DATA TO PROCESS:
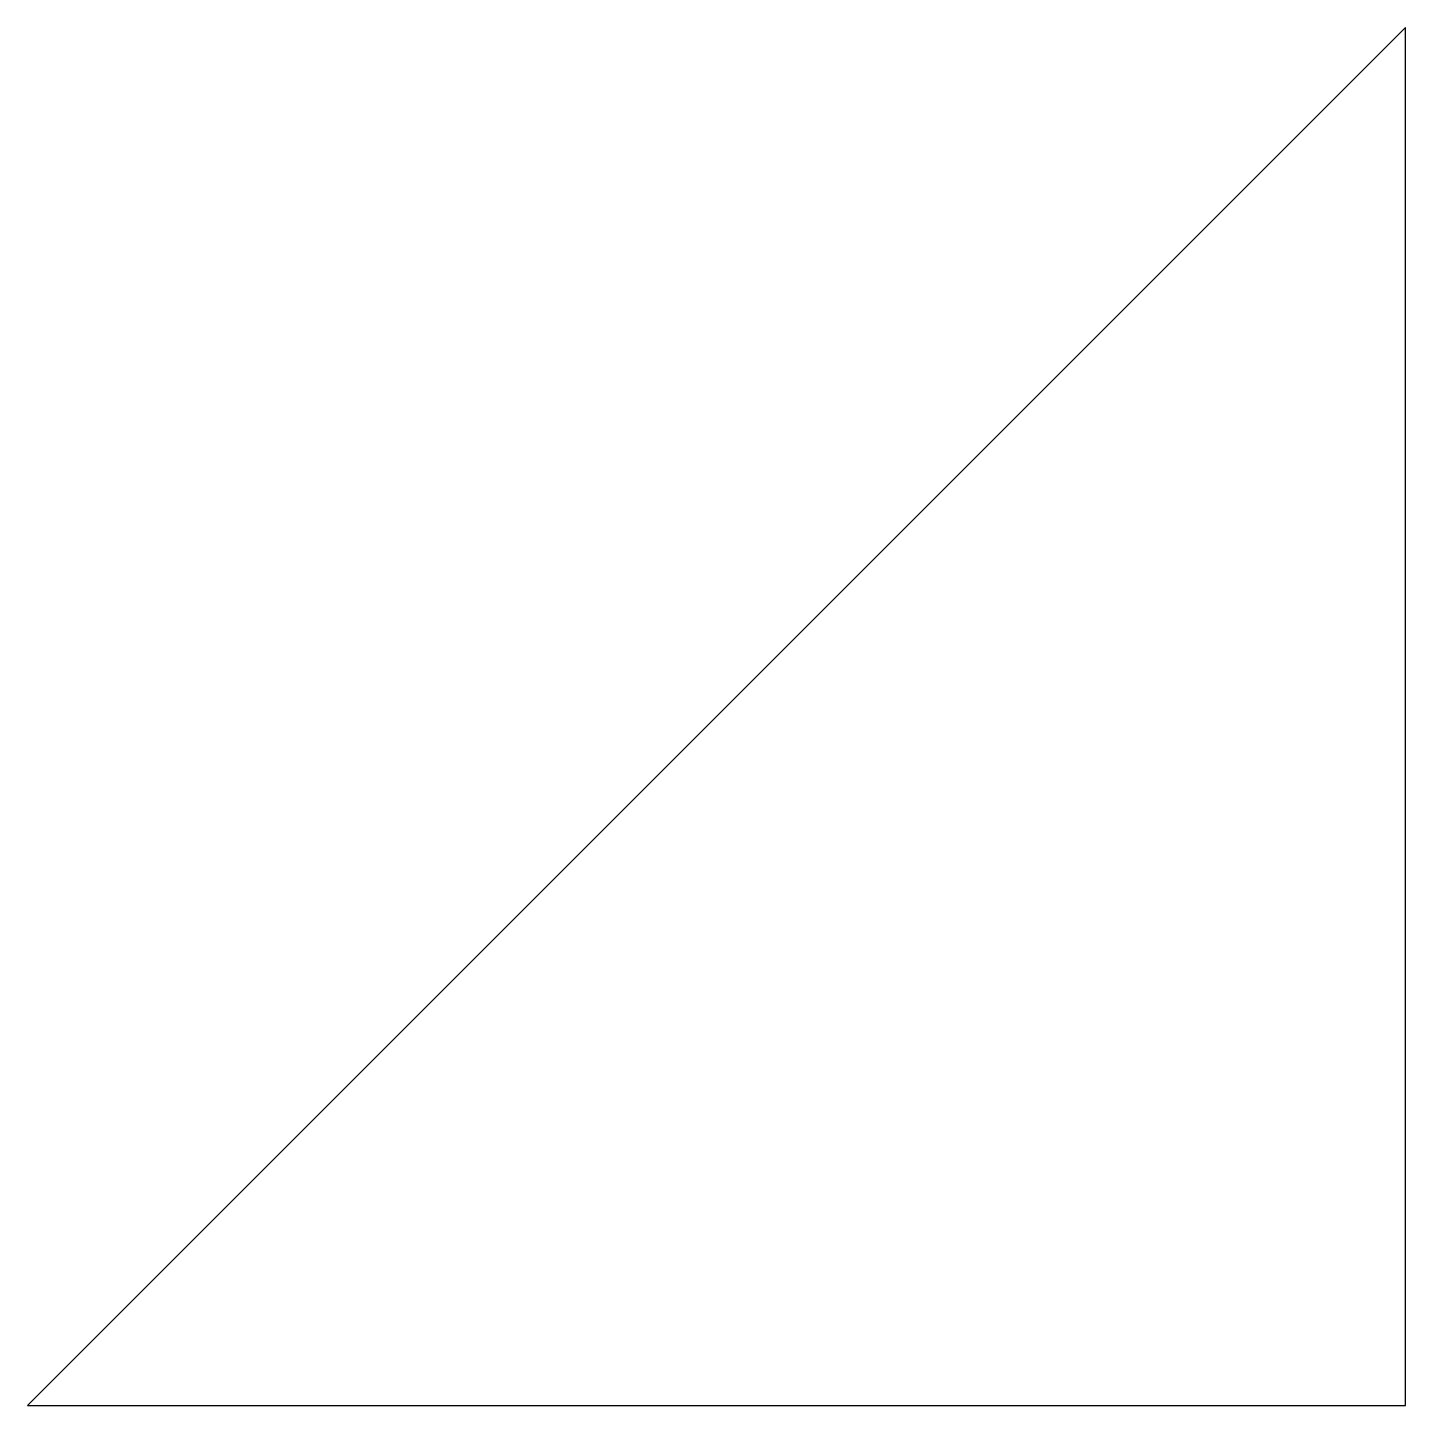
# Model space of a CAD drawing. Header units: millimetres. Extents: x 0 to 10, y 40 to 50.
import ezdxf

# ---------------------------------------------------------------- set-up
doc = ezdxf.new("R2010")
doc.units = ezdxf.units.MM

msp = doc.modelspace()

# ---------------------------------------------------------------- linework, layer by layer
msp.add_lwpolyline([(0, 40), (10, 40), (10, 50), (0, 40)], close=True)

doc.saveas('drawing.dxf')

BRIEF: With the line containing "import ezdxf" as the first and the last line of the data as the final one, copy every line between them exactly, those two included.

YOUR RESPONSE:
import ezdxf

# ---------------------------------------------------------------- set-up
doc = ezdxf.new("R2010")
doc.units = ezdxf.units.MM

msp = doc.modelspace()

# ---------------------------------------------------------------- linework, layer by layer
msp.add_lwpolyline([(0, 40), (10, 40), (10, 50), (0, 40)], close=True)

doc.saveas('drawing.dxf')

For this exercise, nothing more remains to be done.